The 8-year Snow Fellowship provides outstanding biomedical researchers the independence to focus on building ambitious multidisciplinary research programs and teams capable of changing the face of healthcare in Australia and globally.

What is machine learning?

Machine learning is an application of artificial intelligence (AI) that provides systems the ability to learn and improve from experience without being explicitly programmed.

Machine learning focuses on the development of computer programs that can access data and use it to learn through identifying patterns.

These patterns can be labeled for targeted identification (supervised learning), unlabeled, in which the system looks for whatever patterns it can find (unsupervised learning), or the system can use a ‘trial and error’ algorithm to identify patterns (reinforcement learning).

The amount of data used to train these systems can be enormous – with some systems needing to be exposed to millions of examples to learn a specific task.

However, once the system learns the task, the payoff can be huge, as the system can quickly make related connections that lead to predictions and solutions much faster than a human brain.

Associate Professor Hudson said the development of new heart drugs had stalled worldwide and innovative new approaches were urgently needed. ‘Cardiovascular disease kills more people in Australia than cancer, but the number of drugs currently being developed is about 7-fold lower,’ Associate Professor Hudson said.

‘At the moment we still only understand a fraction of the biology underpinning how the heart works so it’s very difficult to figure out exactly what’s going wrong. And if you don’t know what’s going wrong, you can’t fix it.

‘This research will help us better understand the heart so we may address problems when they arise.’ To conduct the research, Associate Professor Hudson and his team will make 80,000 miniature heart muscles, known as organoids.

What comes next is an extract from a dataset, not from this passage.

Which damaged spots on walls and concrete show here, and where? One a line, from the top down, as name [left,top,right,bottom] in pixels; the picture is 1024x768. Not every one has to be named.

‘We know there are about 8,500 genes that control heart cells, known as cardiomyocytes,’ he said. ‘Using tens of thousands of miniature model hearts, we will knock out those genes one at a time and see what the response is. We will then catalogue how each gene controls the biology and function of heart muscle, creating an ‘encyclopedia’.’If they are successful, it could be the most comprehensive database of the heart ever developed. The team will then use ‘machine learning’ to read that information and build a working biological model of heart muscle in a computer.

This model will then allow Associate Professor Hudson and his team, for the first time, to make predictions in a computer about what’s going wrong and how to fix it, before starting the costly and time-consuming process of laboratory experiments.

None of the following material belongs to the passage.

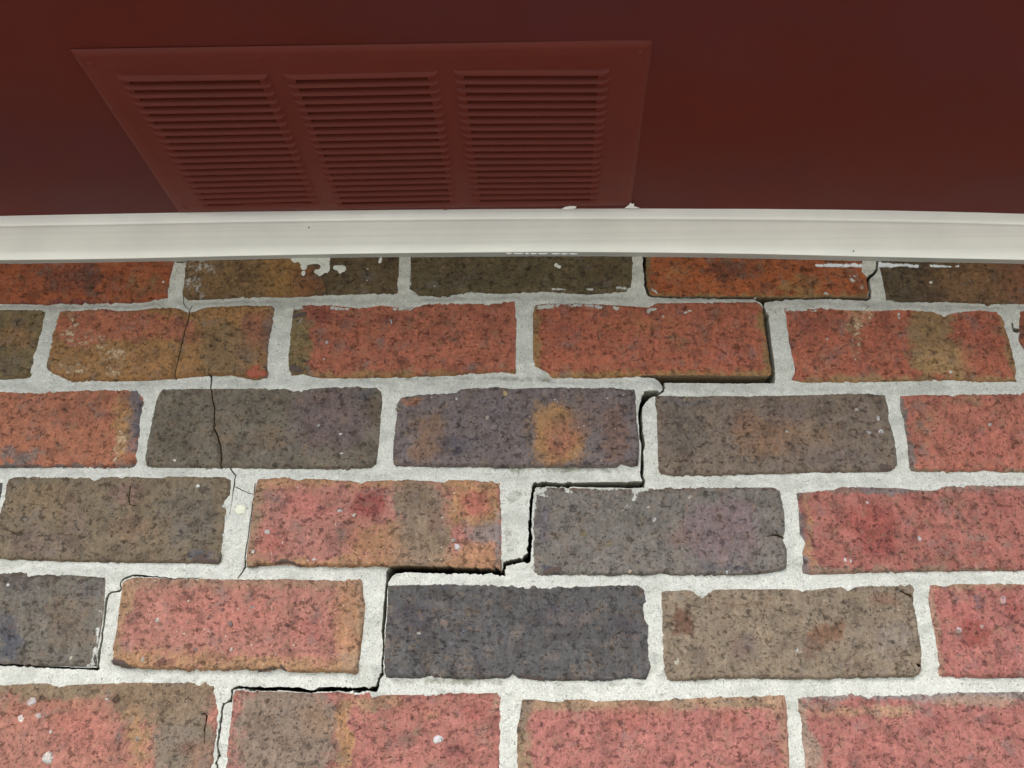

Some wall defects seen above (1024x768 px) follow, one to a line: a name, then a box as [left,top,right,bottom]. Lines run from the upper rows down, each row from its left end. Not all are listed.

crack [174,292,192,380]
crack [208,257,878,768]
crack [0,574,200,671]

‘This is a new approach in biology that’s based on engineering principles. If successful, it will greatly speed up research into cardiovascular disease.

‘Our vision is that in future, we will be able to plug in information that tells us about a patient’s genes and environment – quickly compute what is wrong with their heart, and predict with precision what treatment they should receive.

‘In the shorter term, our aim is to use our system to find new targets for more effective drugs for heart failure,’ Associate Professor Hudson said.

This extraordinary approach has never been achieved for any organ, and the hope is it could also be applied to other organs in the future.

What is machine learning?

Machine learning is an application of artificial intelligence (AI) that provides systems the ability to learn and improve from experience without being explicitly programmed.

Machine learning focuses on the development of computer programs that can access data and use it to learn through identifying patterns.

These patterns can be labeled for targeted identification (supervised learning), unlabeled, in which the system looks for whatever patterns it can find (unsupervised learning), or the system can use a ‘trial and error’ algorithm to identify patterns (reinforcement learning).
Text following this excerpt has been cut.